Lesson 3: Data structures in R

This is the course handbook for WolfWorks: An introduction to R.

Objectives:

Have a basic knowledge of the key data structures used in R: vectors, data frames, and matrices
Be aware of the different data types that can be stored, including numeric, character and factors
Understand how to generate a data.frame and access information from this structure using indexing
Know how to identify and deal with missing data in R

Vectors and data types

R has many structures in which data can be stored and manipulated:

Vectors
Data frames
Matrices
Lists
Factors

The most common and basic of these structures is a vector, sometimes referred to as an atomic vector. Whilst vectors can be used as a structure in themselves, they are also the basic building blocks of several other data types, as we will see later.

A vector is simply a collection of values. These values can any of the 6 basic data types in R:

character = a series of letters, numbers and/or punctuation marks (a string). Always found between quotation marks (single or double) e.g., "a", "fish", "3.14". If a number is found in quotation marks, R will interpret this data as being of type character, not numeric. This is important because R cannot then use this data in a numeric manner i.e., to carry out arithmetic.
double = one of the two numeric data classes in R, standing for double precision floating point numbers. This means any real number, an integer or a decimal (10, 3.14, 1.45765, 10000, 5)
integer = the second of the two numeric data classes in R, holding only integer values e.g., 5L (the “L” tells R to store this as an integer rather than double)
logical = a TRUE, FALSE class
complex = complex numbers with real and imaginary parts
raw = holds raw bytes

Data types 5 and 6 are rarely used and will not be covered in this workshop. As outlined above, numeric data in R can be stored as either double or integer. You don’t need to worry about this because R will automatically convert between these classes when required for mathemetical purposes. There is really no need to explicitly state or know which or the two numeric classes the data is.

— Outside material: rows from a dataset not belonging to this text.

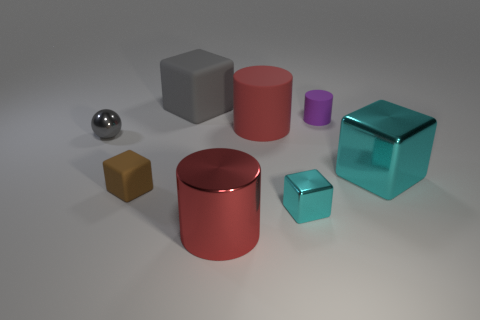Subtract 1 cylinders. How many cylinders are left? 2 Subtract all red blocks. Subtract all red spheres. How many blocks are left? 4 Add 1 large brown matte objects. How many objects exist? 9 Subtract all balls. How many objects are left? 7 Subtract 1 purple cylinders. How many objects are left? 7 Subtract all large red cylinders. Subtract all big green rubber cylinders. How many objects are left? 6 Add 6 small balls. How many small balls are left? 7 Add 3 brown objects. How many brown objects exist? 4 
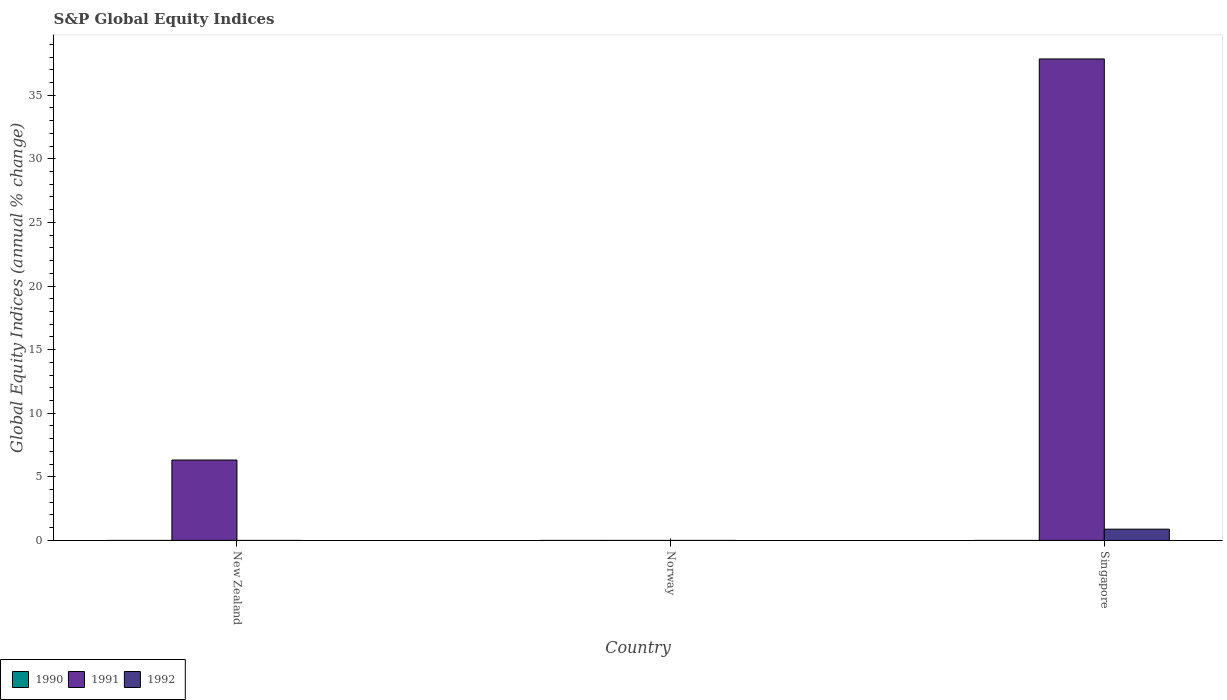How many different coloured bars are there?
Keep it short and to the point. 2. Are the number of bars on each tick of the X-axis equal?
Keep it short and to the point. No. What is the label of the 2nd group of bars from the left?
Make the answer very short. Norway. Across all countries, what is the maximum global equity indices in 1992?
Make the answer very short. 0.88. Across all countries, what is the minimum global equity indices in 1990?
Provide a short and direct response. 0. In which country was the global equity indices in 1992 maximum?
Your response must be concise. Singapore. What is the total global equity indices in 1991 in the graph?
Ensure brevity in your answer.  44.17. What is the difference between the global equity indices in 1992 in Singapore and the global equity indices in 1990 in Norway?
Make the answer very short. 0.88. In how many countries, is the global equity indices in 1992 greater than 11 %?
Your response must be concise. 0. What is the ratio of the global equity indices in 1991 in New Zealand to that in Singapore?
Your response must be concise. 0.17. What is the difference between the highest and the lowest global equity indices in 1992?
Offer a terse response. 0.88. In how many countries, is the global equity indices in 1991 greater than the average global equity indices in 1991 taken over all countries?
Ensure brevity in your answer.  1. Is the sum of the global equity indices in 1991 in New Zealand and Singapore greater than the maximum global equity indices in 1992 across all countries?
Provide a succinct answer. Yes. How many bars are there?
Ensure brevity in your answer.  3. Are the values on the major ticks of Y-axis written in scientific E-notation?
Provide a short and direct response. No. Does the graph contain any zero values?
Make the answer very short. Yes. Does the graph contain grids?
Your answer should be compact. No. How are the legend labels stacked?
Keep it short and to the point. Horizontal. What is the title of the graph?
Keep it short and to the point. S&P Global Equity Indices. Does "2006" appear as one of the legend labels in the graph?
Provide a succinct answer. No. What is the label or title of the X-axis?
Your answer should be very brief. Country. What is the label or title of the Y-axis?
Make the answer very short. Global Equity Indices (annual % change). What is the Global Equity Indices (annual % change) of 1990 in New Zealand?
Provide a succinct answer. 0. What is the Global Equity Indices (annual % change) of 1991 in New Zealand?
Your response must be concise. 6.32. What is the Global Equity Indices (annual % change) in 1992 in New Zealand?
Offer a terse response. 0. What is the Global Equity Indices (annual % change) of 1992 in Norway?
Make the answer very short. 0. What is the Global Equity Indices (annual % change) of 1990 in Singapore?
Offer a very short reply. 0. What is the Global Equity Indices (annual % change) of 1991 in Singapore?
Provide a succinct answer. 37.85. What is the Global Equity Indices (annual % change) of 1992 in Singapore?
Your response must be concise. 0.88. Across all countries, what is the maximum Global Equity Indices (annual % change) of 1991?
Your answer should be very brief. 37.85. Across all countries, what is the maximum Global Equity Indices (annual % change) in 1992?
Your answer should be compact. 0.88. Across all countries, what is the minimum Global Equity Indices (annual % change) of 1991?
Make the answer very short. 0. Across all countries, what is the minimum Global Equity Indices (annual % change) of 1992?
Your answer should be very brief. 0. What is the total Global Equity Indices (annual % change) in 1991 in the graph?
Give a very brief answer. 44.17. What is the total Global Equity Indices (annual % change) in 1992 in the graph?
Offer a terse response. 0.88. What is the difference between the Global Equity Indices (annual % change) of 1991 in New Zealand and that in Singapore?
Your response must be concise. -31.53. What is the difference between the Global Equity Indices (annual % change) of 1991 in New Zealand and the Global Equity Indices (annual % change) of 1992 in Singapore?
Make the answer very short. 5.44. What is the average Global Equity Indices (annual % change) of 1991 per country?
Your answer should be very brief. 14.72. What is the average Global Equity Indices (annual % change) in 1992 per country?
Provide a succinct answer. 0.29. What is the difference between the Global Equity Indices (annual % change) of 1991 and Global Equity Indices (annual % change) of 1992 in Singapore?
Give a very brief answer. 36.97. What is the ratio of the Global Equity Indices (annual % change) in 1991 in New Zealand to that in Singapore?
Your response must be concise. 0.17. What is the difference between the highest and the lowest Global Equity Indices (annual % change) of 1991?
Your answer should be compact. 37.85. What is the difference between the highest and the lowest Global Equity Indices (annual % change) of 1992?
Your answer should be compact. 0.88.

A vector is a collection of values of the same data class. You can visualise a vector like this:

To create a vector we use the c() function, where c stands for combine. We pass the function our values, each separated by “,”.

## Create a numeric vector and assign to the object weight_g
weight_g <- c(50, 60, 57, 82)

This is a numeric vector. We can also create a character vector.

## Create a character vector and assign to the object molecules
molecules <- c("dna", "rna", "protein")

Question: What happens if we try to create a character vector but forget to include our values in quotation marks?

## What if we forget our quotation marks?
molecules <- c(dna, rna, protein)

Exploring vectors

There are several key functions that allow us to find out information about a vector. The class() and length() functions will tell us what data class is stored within a vector and how many data elements there are.

## Check class and length of weight_g
class(weight_g)

## [1] "numeric"

length(weight_g)

## [1] 4

Question: What will be the outputs of class and length when we pass our molecules vector?

To get both of these pieces of information at the same time we can use the str() function, standing for structure.

## Check the structure of weight_g
str(weight_kg)

##  num 62

Indexing vectors

Sometimes we might wish to access only certain elements of a vector. To do this we need to introduce the concept of indexing. The term indexing refers to selecting a subset of elements. To do this, we use square brackets and provide one or more indices.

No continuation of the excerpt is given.